Duax next attended St. Joseph's College in Rensselaer, Indiana. He was a triple-threat halfback for the St. Joseph's football team and the team's leading scorer in 1939 and was considered one of the best punters in Indiana. He was reported to be a "fast and shifty" back around whom St. Joseph's built its attack.

==Coaching career==
Duax began his coaching career at the high school level. In 1941, he was hired as the athletic director and basketball coach at Catholic Central High School in Hammond, Indiana. He later compiled a 63–37 record as the basketball coach at Bishop Noll Institute in Hammond, in the 1940s.

In 1951, Duax left De La Salle High School in Chicago to become the head basketball coach at St. Ambrose University in Davenport, Iowa. He continued in a variety of positions at St. Ambrose for 40 years until 1991. He became known as one of the top offensive basketball coaches in Iowa, and his men's basketball team compiled a school-record 17-game winning streak from 1953 to 1954. After suffering a heart attack, and citing health issues, he resigned as the head basketball coach in 1966. He compiled a 164–175 record in 15 seasons as the men's basketball coach.

Although the full-court press was in existence by the late 1930s, Duax has been credited by some as an innovator (more likely, early adopter) of the strategy. In 1961, Duax described his coaching philosophy as follows:"At St. Ambrose, we play a very aggressive type of defense and do a lot of running. I personally feel basketball is about 60 percent conditioning, 30 percent talent, and 10 percent coaching."
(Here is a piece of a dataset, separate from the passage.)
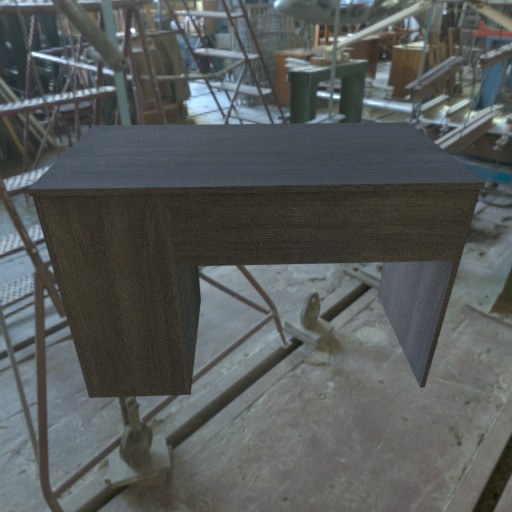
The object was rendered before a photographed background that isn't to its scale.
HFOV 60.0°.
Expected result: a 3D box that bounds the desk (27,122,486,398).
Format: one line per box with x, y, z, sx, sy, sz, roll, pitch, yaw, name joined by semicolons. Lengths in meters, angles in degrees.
0.000;0.000;1.484;1.096;0.730;0.560;-1;31;-2;desk

After resigning as the men's basketball coach, Duax in September 1966 assumed the job as St. Ambrose's athletic director. He served as athletic director until his resignation in May 1975, though he remained on the faculty as an instructor in physical education. He also helped establish the St. Ambrose women's basketball team, serving as the team's first head coach from 1975 to 1977. His women's basketball teams compiled a 25–9 record in his two years as head coach. He was inducted into the St. Ambrose University Athletic Hall of Fame in 1983.

==Political career==
Duax also held a number of political offices in Davenport, Iowa, the third largest city in Iowa. In November 1965, running as a Republican, he was elected as an alderman in Davenport's heavily Democratic third ward. Duax was also elected to two terms on the Scott County Board of Supervisors, and served as the chairman of the Quad Cities' Bi-State Metropolitan Planning Commission for a time in the 1970s.

In November 1975, Duax was first elected as mayor of Davenport as a Republican, after defeating Dallas George in a contest featuring five candidates. During his time as mayor, he continued to coach the women's basketball team at St. Ambrose. In a 1976 feature story on Duax, the Des Moines Register wrote:"By day, he is Davenport's chief worrier about sewers, streets, tight municipal budgets, salaries for more than 1,000 municipal workers, and a host of governmental headaches. But come late afternoon, or on frequent nights and weekends during the winter, he turns his worrying to such matters as polishing a stingy basketball defense, balancing a sometimes sluggish scoring assault, and building the endurance of a dozen young women."

He was defeated in a November 1977 campaign for re-election as mayor.

==Family==
Duax married Betty J. Arthur in 1940 in Logansport, Indiana. He is the father to eleven and grandfather to at least 40. He died on December 17, 1997.